About this task: Leaving out any pictures, transcribe every record exactly.

Collected data

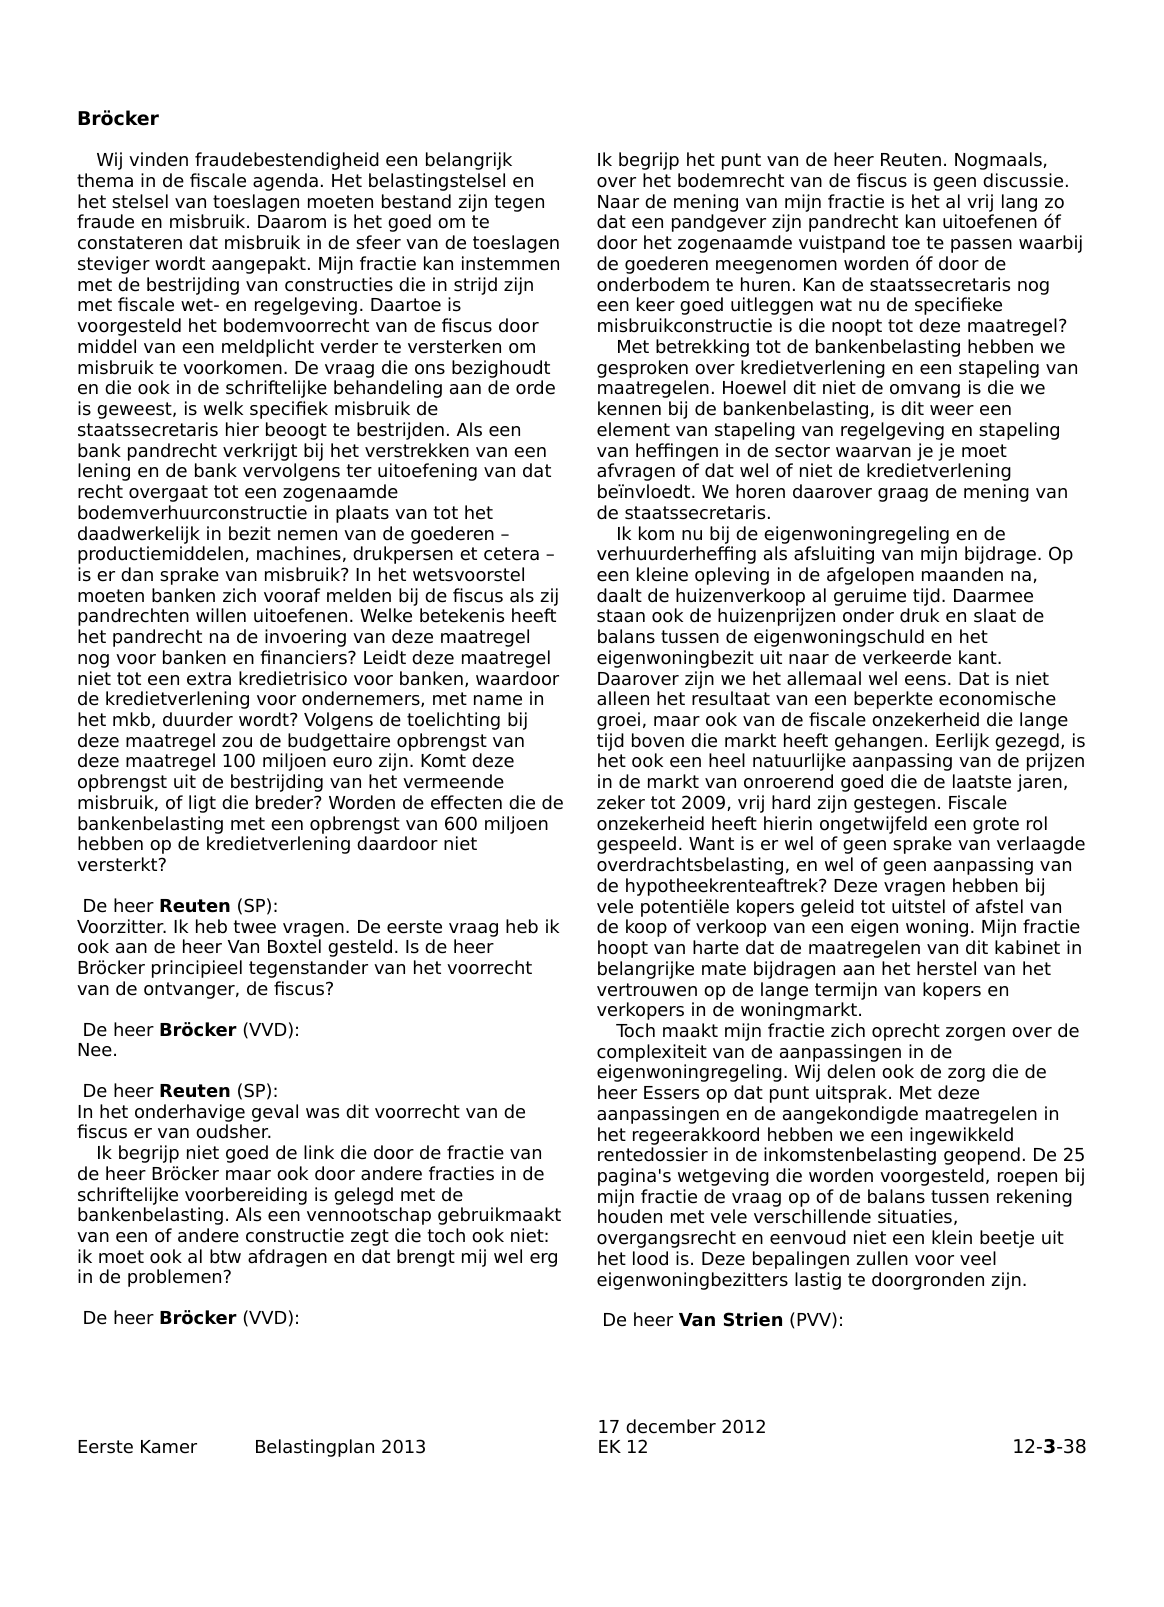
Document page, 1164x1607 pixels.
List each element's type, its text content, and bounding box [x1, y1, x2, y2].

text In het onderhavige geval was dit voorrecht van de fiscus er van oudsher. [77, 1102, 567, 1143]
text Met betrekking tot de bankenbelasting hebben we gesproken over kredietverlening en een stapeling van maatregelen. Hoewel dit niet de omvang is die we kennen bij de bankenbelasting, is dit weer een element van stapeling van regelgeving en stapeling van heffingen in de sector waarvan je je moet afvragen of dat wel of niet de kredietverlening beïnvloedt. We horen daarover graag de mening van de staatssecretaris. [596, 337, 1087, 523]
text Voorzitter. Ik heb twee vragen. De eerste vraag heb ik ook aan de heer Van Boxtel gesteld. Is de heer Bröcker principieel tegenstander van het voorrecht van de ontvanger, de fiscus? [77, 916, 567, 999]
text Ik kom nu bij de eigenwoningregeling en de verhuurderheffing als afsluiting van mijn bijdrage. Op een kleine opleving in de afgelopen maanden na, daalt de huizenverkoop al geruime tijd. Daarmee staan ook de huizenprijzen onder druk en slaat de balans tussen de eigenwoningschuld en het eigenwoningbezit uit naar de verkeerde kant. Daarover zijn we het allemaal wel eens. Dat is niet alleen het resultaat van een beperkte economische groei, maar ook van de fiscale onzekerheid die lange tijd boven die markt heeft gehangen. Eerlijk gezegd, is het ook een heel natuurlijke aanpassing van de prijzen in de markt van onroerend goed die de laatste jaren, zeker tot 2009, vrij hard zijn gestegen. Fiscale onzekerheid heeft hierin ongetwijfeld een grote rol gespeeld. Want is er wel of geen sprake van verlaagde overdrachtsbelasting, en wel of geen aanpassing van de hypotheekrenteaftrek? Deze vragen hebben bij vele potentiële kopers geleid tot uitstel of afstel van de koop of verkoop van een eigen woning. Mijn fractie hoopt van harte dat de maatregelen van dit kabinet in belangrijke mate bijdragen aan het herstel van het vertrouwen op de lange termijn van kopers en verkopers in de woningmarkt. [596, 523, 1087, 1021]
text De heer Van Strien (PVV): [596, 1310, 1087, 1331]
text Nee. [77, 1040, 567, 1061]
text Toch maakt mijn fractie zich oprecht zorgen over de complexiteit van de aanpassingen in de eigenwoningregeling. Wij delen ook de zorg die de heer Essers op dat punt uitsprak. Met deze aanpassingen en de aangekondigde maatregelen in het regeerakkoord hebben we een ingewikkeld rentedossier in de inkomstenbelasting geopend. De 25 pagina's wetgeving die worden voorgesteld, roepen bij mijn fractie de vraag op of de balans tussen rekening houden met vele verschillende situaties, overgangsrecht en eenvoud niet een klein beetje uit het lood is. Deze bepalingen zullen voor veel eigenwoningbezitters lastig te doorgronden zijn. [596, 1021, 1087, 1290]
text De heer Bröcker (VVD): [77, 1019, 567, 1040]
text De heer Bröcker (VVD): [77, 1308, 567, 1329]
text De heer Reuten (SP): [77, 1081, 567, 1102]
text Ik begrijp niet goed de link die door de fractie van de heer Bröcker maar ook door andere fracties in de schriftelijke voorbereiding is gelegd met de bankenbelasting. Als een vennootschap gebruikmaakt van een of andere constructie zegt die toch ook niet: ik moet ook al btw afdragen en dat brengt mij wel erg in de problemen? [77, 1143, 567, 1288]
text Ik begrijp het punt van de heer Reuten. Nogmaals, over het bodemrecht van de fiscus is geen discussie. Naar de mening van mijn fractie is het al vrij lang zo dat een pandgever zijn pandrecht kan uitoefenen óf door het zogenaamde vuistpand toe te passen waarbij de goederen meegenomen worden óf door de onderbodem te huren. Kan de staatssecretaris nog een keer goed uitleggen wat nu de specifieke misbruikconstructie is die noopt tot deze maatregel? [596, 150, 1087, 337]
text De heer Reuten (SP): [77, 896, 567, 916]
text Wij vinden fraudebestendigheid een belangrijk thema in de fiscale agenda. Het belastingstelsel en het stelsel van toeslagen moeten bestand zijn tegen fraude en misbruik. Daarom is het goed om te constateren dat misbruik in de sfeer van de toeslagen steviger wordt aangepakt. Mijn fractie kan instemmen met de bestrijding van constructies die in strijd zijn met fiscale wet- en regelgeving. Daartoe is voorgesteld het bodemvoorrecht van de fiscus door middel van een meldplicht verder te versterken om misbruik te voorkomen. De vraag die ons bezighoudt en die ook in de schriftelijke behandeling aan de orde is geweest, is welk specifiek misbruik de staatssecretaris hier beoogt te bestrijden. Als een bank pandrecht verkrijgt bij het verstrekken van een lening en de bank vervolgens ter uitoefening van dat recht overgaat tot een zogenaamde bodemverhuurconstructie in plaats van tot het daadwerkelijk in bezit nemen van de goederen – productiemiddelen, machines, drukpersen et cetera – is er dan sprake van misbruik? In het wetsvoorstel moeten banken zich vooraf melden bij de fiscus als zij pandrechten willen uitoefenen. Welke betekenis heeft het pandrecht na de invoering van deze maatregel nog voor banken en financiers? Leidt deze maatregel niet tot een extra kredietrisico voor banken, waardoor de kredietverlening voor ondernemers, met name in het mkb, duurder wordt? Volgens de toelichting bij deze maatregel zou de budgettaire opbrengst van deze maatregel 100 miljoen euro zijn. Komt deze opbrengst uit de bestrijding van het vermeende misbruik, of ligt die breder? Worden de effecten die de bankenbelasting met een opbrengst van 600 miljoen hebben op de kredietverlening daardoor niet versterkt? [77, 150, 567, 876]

Solution:
Document page, 1164x1607 pixels.
List each element's type, its text content, and bounding box [x1, y1, x2, y2].

text In het onderhavige geval was dit voorrecht van de fiscus er van oudsher. [77, 1102, 567, 1143]
text Met betrekking tot de bankenbelasting hebben we gesproken over kredietverlening en een stapeling van maatregelen. Hoewel dit niet de omvang is die we kennen bij de bankenbelasting, is dit weer een element van stapeling van regelgeving en stapeling van heffingen in de sector waarvan je je moet afvragen of dat wel of niet de kredietverlening beïnvloedt. We horen daarover graag de mening van de staatssecretaris. [596, 337, 1087, 523]
text Voorzitter. Ik heb twee vragen. De eerste vraag heb ik ook aan de heer Van Boxtel gesteld. Is de heer Bröcker principieel tegenstander van het voorrecht van de ontvanger, de fiscus? [77, 916, 567, 999]
text Ik kom nu bij de eigenwoningregeling en de verhuurderheffing als afsluiting van mijn bijdrage. Op een kleine opleving in de afgelopen maanden na, daalt de huizenverkoop al geruime tijd. Daarmee staan ook de huizenprijzen onder druk en slaat de balans tussen de eigenwoningschuld en het eigenwoningbezit uit naar de verkeerde kant. Daarover zijn we het allemaal wel eens. Dat is niet alleen het resultaat van een beperkte economische groei, maar ook van de fiscale onzekerheid die lange tijd boven die markt heeft gehangen. Eerlijk gezegd, is het ook een heel natuurlijke aanpassing van de prijzen in de markt van onroerend goed die de laatste jaren, zeker tot 2009, vrij hard zijn gestegen. Fiscale onzekerheid heeft hierin ongetwijfeld een grote rol gespeeld. Want is er wel of geen sprake van verlaagde overdrachtsbelasting, en wel of geen aanpassing van de hypotheekrenteaftrek? Deze vragen hebben bij vele potentiële kopers geleid tot uitstel of afstel van de koop of verkoop van een eigen woning. Mijn fractie hoopt van harte dat de maatregelen van dit kabinet in belangrijke mate bijdragen aan het herstel van het vertrouwen op de lange termijn van kopers en verkopers in de woningmarkt. [596, 523, 1087, 1021]
text De heer Van Strien (PVV): [596, 1310, 1087, 1331]
text Nee. [77, 1040, 567, 1061]
text Toch maakt mijn fractie zich oprecht zorgen over de complexiteit van de aanpassingen in de eigenwoningregeling. Wij delen ook de zorg die de heer Essers op dat punt uitsprak. Met deze aanpassingen en de aangekondigde maatregelen in het regeerakkoord hebben we een ingewikkeld rentedossier in de inkomstenbelasting geopend. De 25 pagina's wetgeving die worden voorgesteld, roepen bij mijn fractie de vraag op of de balans tussen rekening houden met vele verschillende situaties, overgangsrecht en eenvoud niet een klein beetje uit het lood is. Deze bepalingen zullen voor veel eigenwoningbezitters lastig te doorgronden zijn. [596, 1021, 1087, 1290]
text De heer Bröcker (VVD): [77, 1019, 567, 1040]
text De heer Bröcker (VVD): [77, 1308, 567, 1329]
text De heer Reuten (SP): [77, 1081, 567, 1102]
text Ik begrijp niet goed de link die door de fractie van de heer Bröcker maar ook door andere fracties in de schriftelijke voorbereiding is gelegd met de bankenbelasting. Als een vennootschap gebruikmaakt van een of andere constructie zegt die toch ook niet: ik moet ook al btw afdragen en dat brengt mij wel erg in de problemen? [77, 1143, 567, 1288]
text Ik begrijp het punt van de heer Reuten. Nogmaals, over het bodemrecht van de fiscus is geen discussie. Naar de mening van mijn fractie is het al vrij lang zo dat een pandgever zijn pandrecht kan uitoefenen óf door het zogenaamde vuistpand toe te passen waarbij de goederen meegenomen worden óf door de onderbodem te huren. Kan de staatssecretaris nog een keer goed uitleggen wat nu de specifieke misbruikconstructie is die noopt tot deze maatregel? [596, 150, 1087, 337]
text De heer Reuten (SP): [77, 896, 567, 916]
text Wij vinden fraudebestendigheid een belangrijk thema in de fiscale agenda. Het belastingstelsel en het stelsel van toeslagen moeten bestand zijn tegen fraude en misbruik. Daarom is het goed om te constateren dat misbruik in de sfeer van de toeslagen steviger wordt aangepakt. Mijn fractie kan instemmen met de bestrijding van constructies die in strijd zijn met fiscale wet- en regelgeving. Daartoe is voorgesteld het bodemvoorrecht van de fiscus door middel van een meldplicht verder te versterken om misbruik te voorkomen. De vraag die ons bezighoudt en die ook in de schriftelijke behandeling aan de orde is geweest, is welk specifiek misbruik de staatssecretaris hier beoogt te bestrijden. Als een bank pandrecht verkrijgt bij het verstrekken van een lening en de bank vervolgens ter uitoefening van dat recht overgaat tot een zogenaamde bodemverhuurconstructie in plaats van tot het daadwerkelijk in bezit nemen van de goederen – productiemiddelen, machines, drukpersen et cetera – is er dan sprake van misbruik? In het wetsvoorstel moeten banken zich vooraf melden bij de fiscus als zij pandrechten willen uitoefenen. Welke betekenis heeft het pandrecht na de invoering van deze maatregel nog voor banken en financiers? Leidt deze maatregel niet tot een extra kredietrisico voor banken, waardoor de kredietverlening voor ondernemers, met name in het mkb, duurder wordt? Volgens de toelichting bij deze maatregel zou de budgettaire opbrengst van deze maatregel 100 miljoen euro zijn. Komt deze opbrengst uit de bestrijding van het vermeende misbruik, of ligt die breder? Worden de effecten die de bankenbelasting met een opbrengst van 600 miljoen hebben op de kredietverlening daardoor niet versterkt? [77, 150, 567, 876]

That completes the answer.